Si certains ont cru que le Conseil constitutionnel sonnait le glas de cette guérilla par une décision « de compromis » dans l’affaire EADS (D. 2016. 1264, note J. Chacornac) qui déclarait inconstitutionnel le cumul des poursuites et des sanctions administratives et pénales en matière d’abus de marché (Cons. const. 18 mars 2015, n° 2014-453/454 QPC et n° 2015-462 QPC, AJDA 2015. 1191, étude P. Idoux, S. Nicinski et E. Glaser ; D. 2015. 894, et les obs. , note A.-V. Le Fur et D. Schmidt ; ibid. 874, point de vue O. Décima ; ibid. 1506, obs. C. Mascala ; ibid. 1738, obs. J. Pradel ; ibid. 2465, obs. G. Roujou de Boubée, T. Garé, C. Ginestet, M.-H. Gozzi et S. Mirabail ; AJ pénal 2015. 172, étude C. Mauro ; ibid. 179, étude J. Bossan ; ibid. 182, étude J. Lasserre Capdeville ; Rev. sociétés 2015. 380, note H. Matsopoulou ; RSC 2015. 374, obs. F. Stasiak ; ibid. 705, obs. B. de Lamy ; RTD com. 2015. 317, obs. N. Rontchevsky ), la satisfaction aura été tant éphémère que relative. D’abord, il ne se fondait ni sur la règle « ne bis in idem », mais sur le principe de nécessité des peines (DDH, art. 8), ni ne mettait obstacle au maintien du cumul des poursuites de manière générale. Pis, approuvant le cumul des poursuites dans sa décision M. Alain D. et autres rendue quelques mois plus tard (Cons. const. 14 janv. 2016, n° 2015-513/514/526 QPC, D. 2016. 931, et les obs. , note O. Décima ; ibid. 1836, obs. C. Mascala ; ibid. 2424, obs. G. Roujou de Boubée, T. Garé, C. Ginestet, M.-H. Gozzi, L. Miniato et S. Mirabail ; ibid. 2017. 1328, obs. N. Jacquinot et R. Vaillant ; Rev. sociétés 2016. 246, note E. Dezeuze et G. Pellegrin ; Constitutions 2016. 183, Décision ; ibid. 261, chron. M. Disant ; RSC 2016. 293, obs. F. Stasiak ; RTD com. 2016. 151, obs. N. Rontchevsky ), la doctrine notait efficacement que « le spectre apparu en mars 2015 n’était donc qu’une illusion, un effet d’optique » (N. Catelan, obs. préc.).

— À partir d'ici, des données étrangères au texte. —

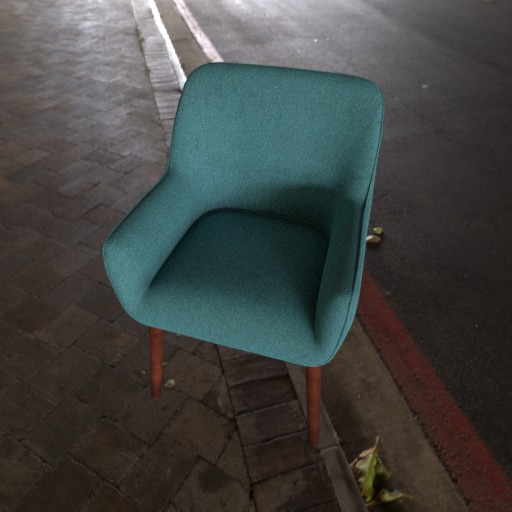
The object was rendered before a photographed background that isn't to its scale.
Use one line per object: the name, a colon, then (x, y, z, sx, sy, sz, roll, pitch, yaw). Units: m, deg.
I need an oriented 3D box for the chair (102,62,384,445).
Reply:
chair: (0.000, 0.000, 1.148, 0.543, 0.803, 0.519, 12, 42, 13)
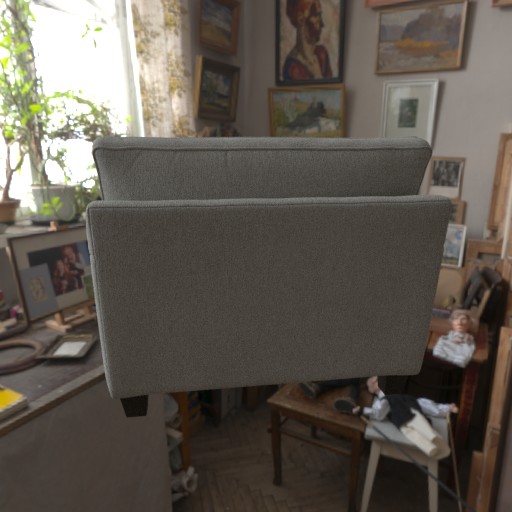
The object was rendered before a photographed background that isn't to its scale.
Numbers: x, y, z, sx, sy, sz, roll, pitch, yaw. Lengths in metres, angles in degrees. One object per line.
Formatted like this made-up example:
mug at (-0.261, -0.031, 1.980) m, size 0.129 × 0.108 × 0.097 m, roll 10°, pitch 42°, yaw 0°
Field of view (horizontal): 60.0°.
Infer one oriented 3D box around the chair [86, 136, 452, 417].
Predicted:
chair at (0.000, 0.000, 1.962) m, size 1.220 × 1.016 × 1.041 m, roll -2°, pitch 14°, yaw -8°

Depuis lors, la loi réformant le système de répression des abus de marché (L. n° 2016-819, 21 juin 2016) a mis en place un système d’aiguillage des dossiers afin de déterminer la voie à privilégier quant à la répression des faits reprochés empêchant aux deux autorités, AMF comme Parquet national financier, de poursuivre une personne pour des faits d’abus de marché sans avoir obtenu l’acceptation de l’autre, les modalités de l’accord ayant été précisées par décret (Décr. n° 2016-1121 du 11 août 2016, Dalloz actualité, 9 sept. 2016, obs. X. Delpech ), et considérant la décision de cassation rendue en l’occurrence, il n’est pas impossible de voir perdurer une certaine incohérence entre les décisions prononcées à Strasbourg et celles de Paris.